Eternia comes to him when he does finally find the sword in a nerdy fanboy book shop (perfect) and it signals his location to his now adult bestie Teela (Camila Mendes), now Eternia’s Captain of the Guard. She comes to pick him up, they reunite with her guilt-wracked drunken dad, Man-At-Arms Duncan (Idris Elba) and save the day. Duh. Though it took too long to get there, once the action heads back to the ravaged kingdom the film finds its groove. Goofy? Fuck yeah, but it’s faithful to the original source material and in doing so puts a hilarious spin on modern masculinity, often taking the piss out of it. Adam is a klutz. He loves pink (still). As He-Man he’s jacked. That name earns him nothing but laughs – one of those laughs. But he’s also willing to talk first, fight last, and he’s emotionally intelligent.
Masters of the Universe has no business being as good as it is, the surprise of the summer so far, reminiscent of Dungeons & Dragons: Honor Among Thieves for its smart, left-field entertainment value.
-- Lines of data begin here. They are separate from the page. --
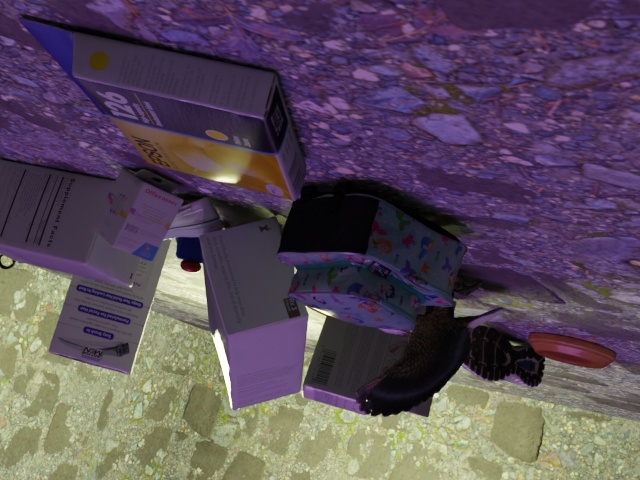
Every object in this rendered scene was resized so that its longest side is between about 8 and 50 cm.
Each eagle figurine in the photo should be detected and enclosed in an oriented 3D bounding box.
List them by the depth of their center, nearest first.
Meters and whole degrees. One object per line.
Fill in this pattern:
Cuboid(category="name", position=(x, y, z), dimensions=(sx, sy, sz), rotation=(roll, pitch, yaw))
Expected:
Cuboid(category="eagle figurine", position=(0.187, 0.201, 1.728), dimensions=(0.225, 0.298, 0.226), rotation=(4, 163, 43))

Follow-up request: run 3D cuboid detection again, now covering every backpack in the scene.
Cuboid(category="backpack", position=(0.086, 0.035, 1.400), dimensions=(0.253, 0.191, 0.225), rotation=(17, 169, -33))

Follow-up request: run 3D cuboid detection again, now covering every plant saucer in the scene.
Cuboid(category="plant saucer", position=(0.576, 0.257, 2.132), dimensions=(0.200, 0.037, 0.200), rotation=(15, 168, 3))

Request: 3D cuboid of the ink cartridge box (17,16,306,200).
Cuboid(category="ink cartridge box", position=(-0.184, -0.151, 1.145), dimensions=(0.307, 0.072, 0.303), rotation=(12, 168, 9))

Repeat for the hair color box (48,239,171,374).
Cuboid(category="hair color box", position=(-0.467, 0.113, 2.075), dimensions=(0.185, 0.338, 0.110), rotation=(18, 168, -12))

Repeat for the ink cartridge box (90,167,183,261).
Cuboid(category="ink cartridge box", position=(-0.318, -0.053, 1.629), dimensions=(0.092, 0.143, 0.090), rotation=(27, -179, -44))

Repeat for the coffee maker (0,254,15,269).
Cuboid(category="coffee maker", position=(-0.739, 0.002, 2.336), dimensions=(0.120, 0.171, 0.178), rotation=(34, 164, -7))

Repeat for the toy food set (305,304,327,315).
Cuboid(category="toy food set", position=(0.055, 0.150, 2.270), dimensions=(0.218, 0.071, 0.128), rotation=(21, -169, -17))

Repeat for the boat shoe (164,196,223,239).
Cuboid(category="boat shoe", position=(-0.267, -0.046, 1.741), dimensions=(0.226, 0.075, 0.083), rotation=(-5, -166, 41))

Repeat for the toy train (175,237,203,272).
Cuboid(category="toy train", position=(-0.177, 0.020, 1.904), dimensions=(0.248, 0.105, 0.143), rotation=(12, -174, -18))

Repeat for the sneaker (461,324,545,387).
Cuboid(category="sneaker", position=(0.407, 0.290, 2.284), dimensions=(0.330, 0.129, 0.147), rotation=(25, 163, -39))

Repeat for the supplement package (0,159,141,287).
Cuboid(category="supplement package", position=(-0.512, -0.034, 1.848), dimensions=(0.293, 0.175, 0.177), rotation=(11, 166, 21))

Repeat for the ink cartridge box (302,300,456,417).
Cuboid(category="ink cartridge box", position=(0.127, 0.227, 1.946), dimensions=(0.261, 0.296, 0.066), rotation=(14, 143, 9))

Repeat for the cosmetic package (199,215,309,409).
Cuboid(category="cosmetic package", position=(-0.128, 0.150, 1.769), dimensions=(0.156, 0.217, 0.385), rotation=(-14, 150, -10))

It embraces its nuttiness (why were children watching this?) and never talks down to it, or its audience. Littler kids may be keen to check out the adventure action but MotU pulls a Pixar and actually services the adults in the room too. Hard as it is to admit, Leto is amusing as a petulant Skeletor, never quite menacing and coming off as more perpetually annoyed than pure evil – though HR Skeletor will never get old. Eternia’s warriors, ahem, Fisto (Jóhannes Haukur Jóhannesson), Ram-Man (Jon Xue Zhang) and Roboto (voiced by Kristen Wiig) are the source of some of the film’s skankiest comedy, obvious but funny anyway, and even when they’re not off-colour the jokes can lean more grown-up: Sasheer Zamata as Adam’s Earth boss is pitch perfect in her awkward office-speak, Teela running diagnostics on her ship is all our reaction to the bullshit answers we get with “run diagnostic” on our tech, and the heroes emerging from a smoky/dusty hallway ahead of kicking ass? Priceless. There are plenty of Easter eggs for long-term fans, it wouldn’t be a true IP film if there weren’t, but they’re woven into the fabric of the larger picture so newcomers won’t feel short-changed. However, Queen’s “Princes of the Universe” in the wake of a Highlander joke? Bravo, Mr Knight. Bravo.
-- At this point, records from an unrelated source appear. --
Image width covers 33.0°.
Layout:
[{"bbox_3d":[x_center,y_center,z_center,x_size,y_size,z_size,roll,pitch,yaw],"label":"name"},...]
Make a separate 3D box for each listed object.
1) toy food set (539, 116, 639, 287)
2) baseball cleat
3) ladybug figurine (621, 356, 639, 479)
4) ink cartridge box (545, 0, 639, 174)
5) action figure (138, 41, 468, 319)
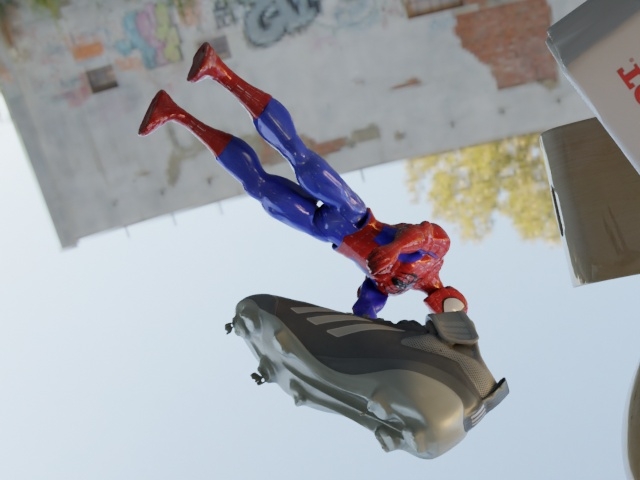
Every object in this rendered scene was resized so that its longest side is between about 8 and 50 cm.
[{"bbox_3d":[0.462,-0.070,1.449,0.306,0.219,0.092,-13,172,23],"label":"toy food set"},{"bbox_3d":[0.033,0.076,0.715,0.109,0.072,0.206,-30,-141,-30],"label":"baseball cleat"},{"bbox_3d":[0.551,0.205,1.435,0.449,0.305,0.162,-52,-177,-11],"label":"ladybug figurine"},{"bbox_3d":[0.227,-0.089,0.482,0.203,0.148,0.086,-36,-166,18],"label":"ink cartridge box"},{"bbox_3d":[0.000,0.000,0.754,0.091,0.280,0.139,-40,-154,33],"label":"action figure"}]

Mattel clearly has high hopes for MotU; god knows they sunk enough cash into it, and the credit stingers suggest they’re banking on He-Man’s legacy to justify the investment and planning. For many it may strike a confused tone that can’t dance on the line between silly and serious, and yeah, it lacks the originality of Backrooms, and it runs the risk of getting lost in the Mortal Kombat II/Street Fighter (thankfully, October) shuffle (how many ways are we going to reference “What’s Going On?” this summer?). Above all it’s unlikely to post Barbie numbers no matter how legion Galitzine’s Red, White and Royal Blue fans are, but it was fun. And I’ll admit it. I’m down for a She-Ra: Princess of Power sequel if there’s more oiled up He-Man.